The former Godfather’s Pizza CEO, who is running for the GOP nomination on a broadly libertarian platform, seems to have a problem with Paulites’ concerns regarding the Federal Reserve.
“I get the same stupid question at almost every one of these events,” Cain writes in a forthcoming book “This is Herman Cain,” to be released in early October.
According to the Daily Caller, which has obtained an advance copy of the book, Cain claims that Paul’s supporters are “threatened by me” and are “trying to destroy me on the fact that I was once affiliated with” the Federal Reserve.
Cain even has his own conspiracy theory that Paul’s campaign is deliberately sending people out to Cain events to attempt to discredit him:
“I know it’s a deliberate strategy.” Cain writes, “How can a person randomly show up at a hundred events and ask the same stupid question to try to nail me on the Federal Reserve?”
Is Cain serious? Clearly he has no concept of the determination and reach of Ron Paul’s grassroots support base. Paulites are focused and unwavering, just as their chosen candidate has been for thirty plus years.

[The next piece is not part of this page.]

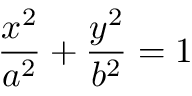Convert formula to latex. <formula><loc_0><loc_0><loc_500><loc_500>\frac { x ^ { 2 } } { a ^ { 2 } } + \frac { y ^ { 2 } } { b ^ { 2 } } = 1</formula> 
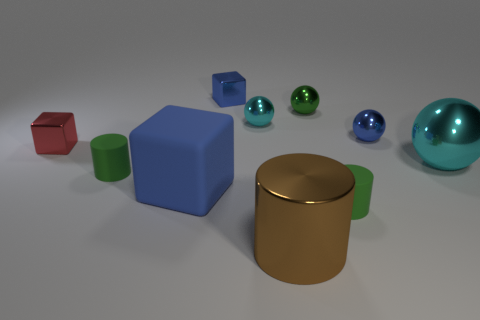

Ron Paul has warned his supporters for three decades and more about the dangerous of a fraudulent fractional reserve banking system in the hands of private central bankers, and no one can legitimately argue any longer that those concerns have not been justified. Why is it so hard for Cain to accept that every Ron Paul supporter would share the same concerns?
Paul’s supporters have argued that Cain is not serious about reigning in the power of the Federal Reserve over US monetary policy, pointing to the fact that he was chairman of the Federal Reserve Bank of Kansas City in 1995 and 1996.
While Ron Paul has continually pushed to audit the Fed, Cain seemingly does not believe an audit is necessary:
“I have said: ‘I don’t think you’re going to find anything to audit on the Federal Reserve.’” Cain writes. “But they (Ron Paul supporters) want you to believe that Herman Cain doesn’t want the Federal Reserve to be audited.”
“It’s really becoming annoying more than anything else.” Cain states.